• Problem description
For every record that follows, write out the text exactly and omit the picture, if one is present.

• Records from a data source
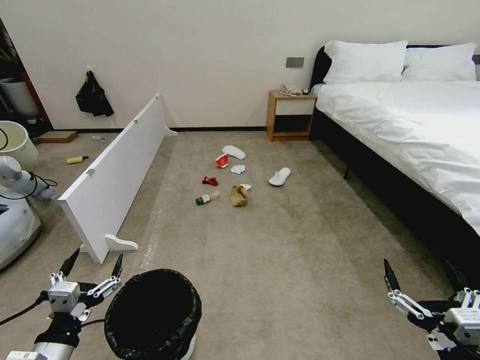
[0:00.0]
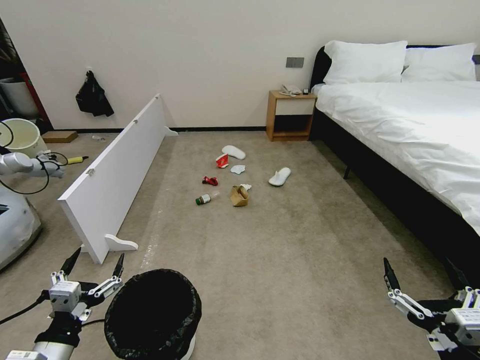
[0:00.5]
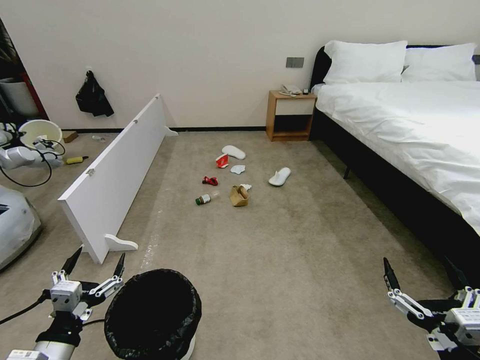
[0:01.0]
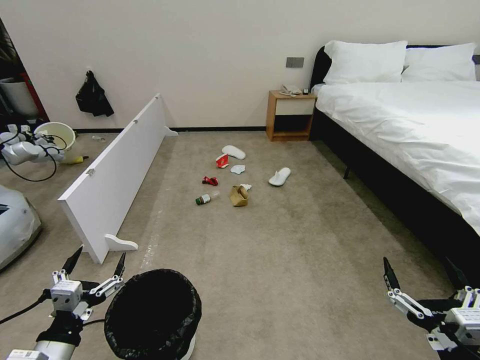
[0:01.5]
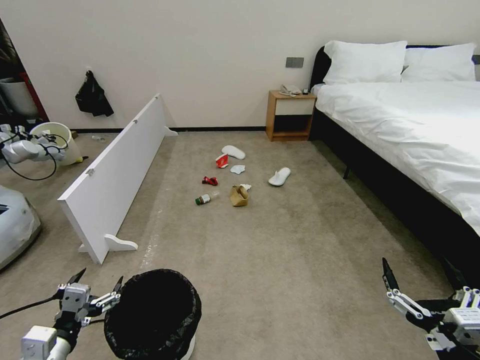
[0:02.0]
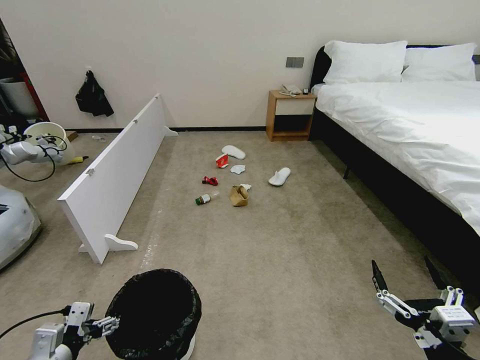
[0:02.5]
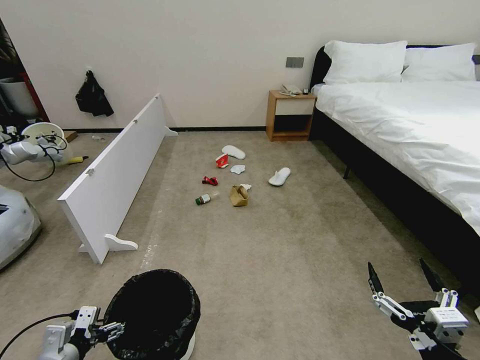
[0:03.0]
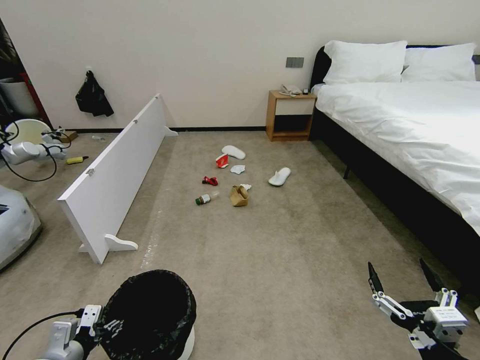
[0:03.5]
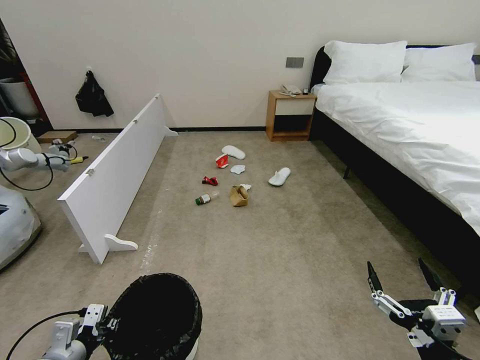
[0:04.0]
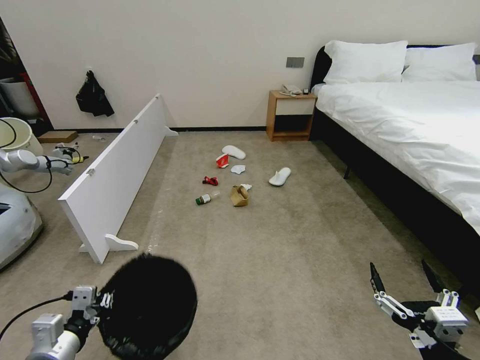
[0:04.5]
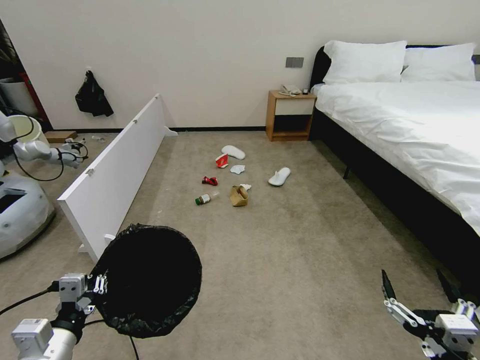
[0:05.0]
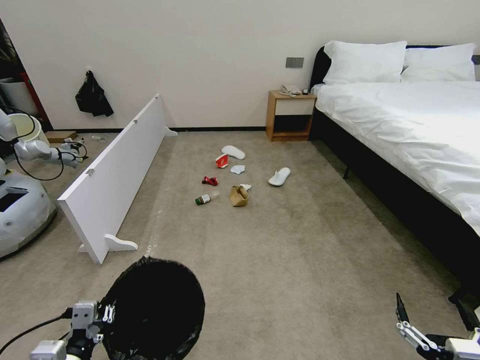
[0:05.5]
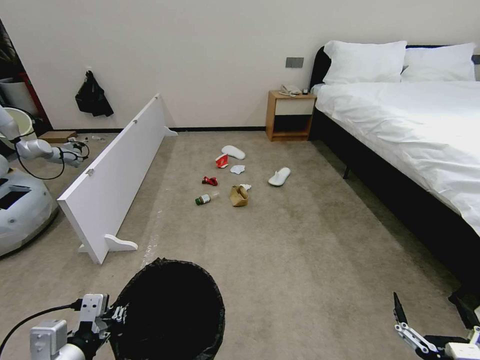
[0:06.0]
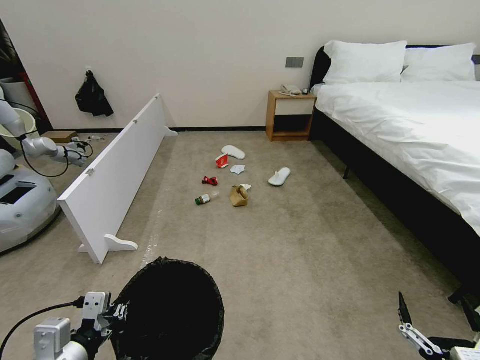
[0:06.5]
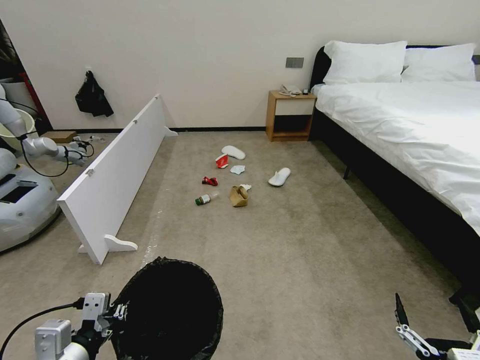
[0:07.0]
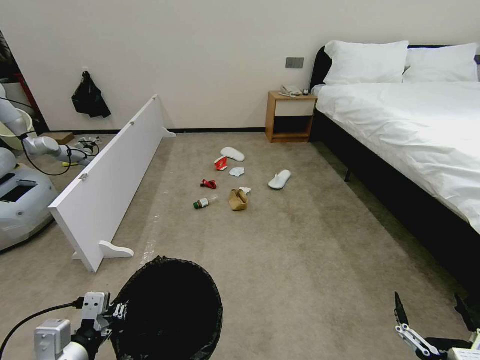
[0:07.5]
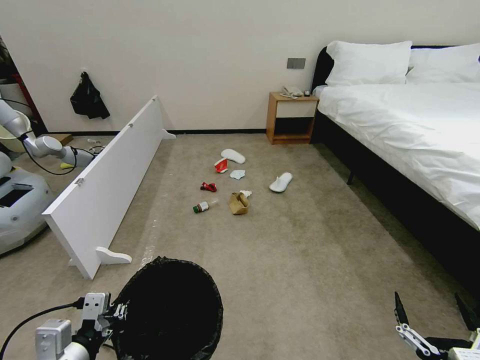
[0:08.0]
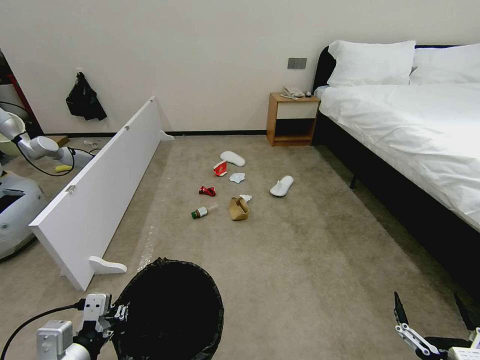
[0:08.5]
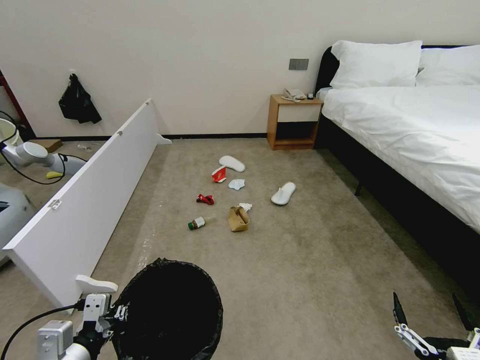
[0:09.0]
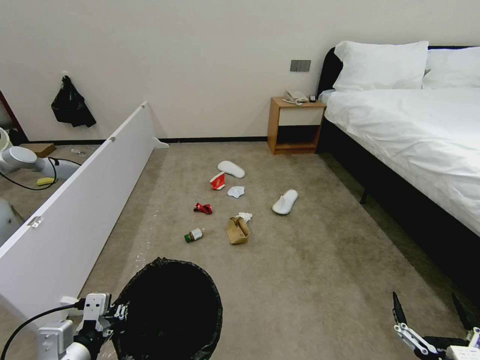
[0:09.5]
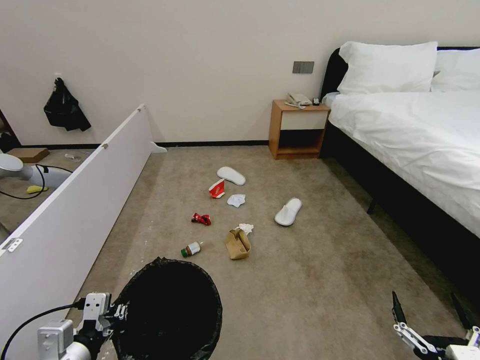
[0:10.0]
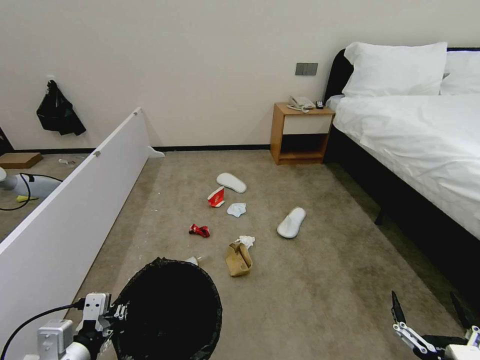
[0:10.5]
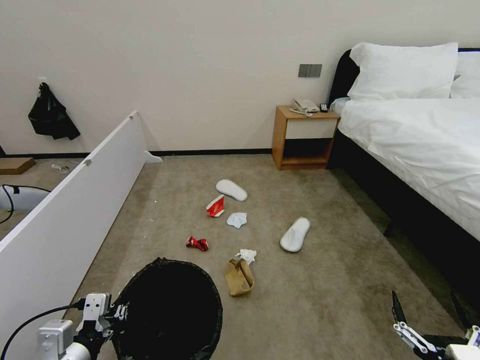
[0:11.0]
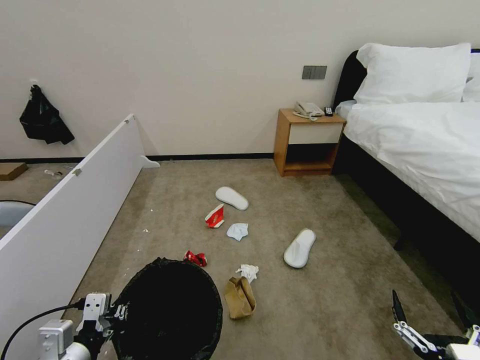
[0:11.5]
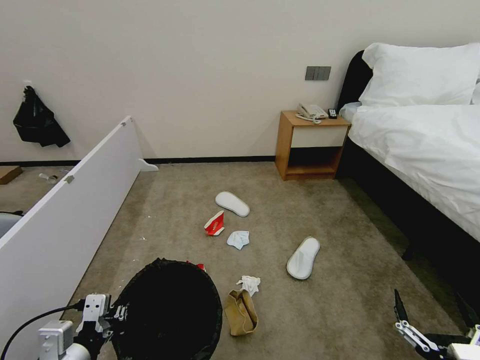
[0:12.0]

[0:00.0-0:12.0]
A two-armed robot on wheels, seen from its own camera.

• Task response
[0:00.0]
[0:00.5]
[0:01.0]
[0:01.5]
[0:02.0]
[0:02.5]
[0:03.0]
[0:03.5]
[0:04.0]
[0:04.5]
[0:05.0]
[0:05.5]
[0:06.0]
[0:06.5]
[0:07.0]
[0:07.5]
[0:08.0]
[0:08.5]
[0:09.0]
[0:09.5]
[0:10.0]
[0:10.5]
[0:11.0]
[0:11.5]
[0:12.0]

[0:00.0-0:12.0]
A two-armed robot on wheels, seen from its own camera.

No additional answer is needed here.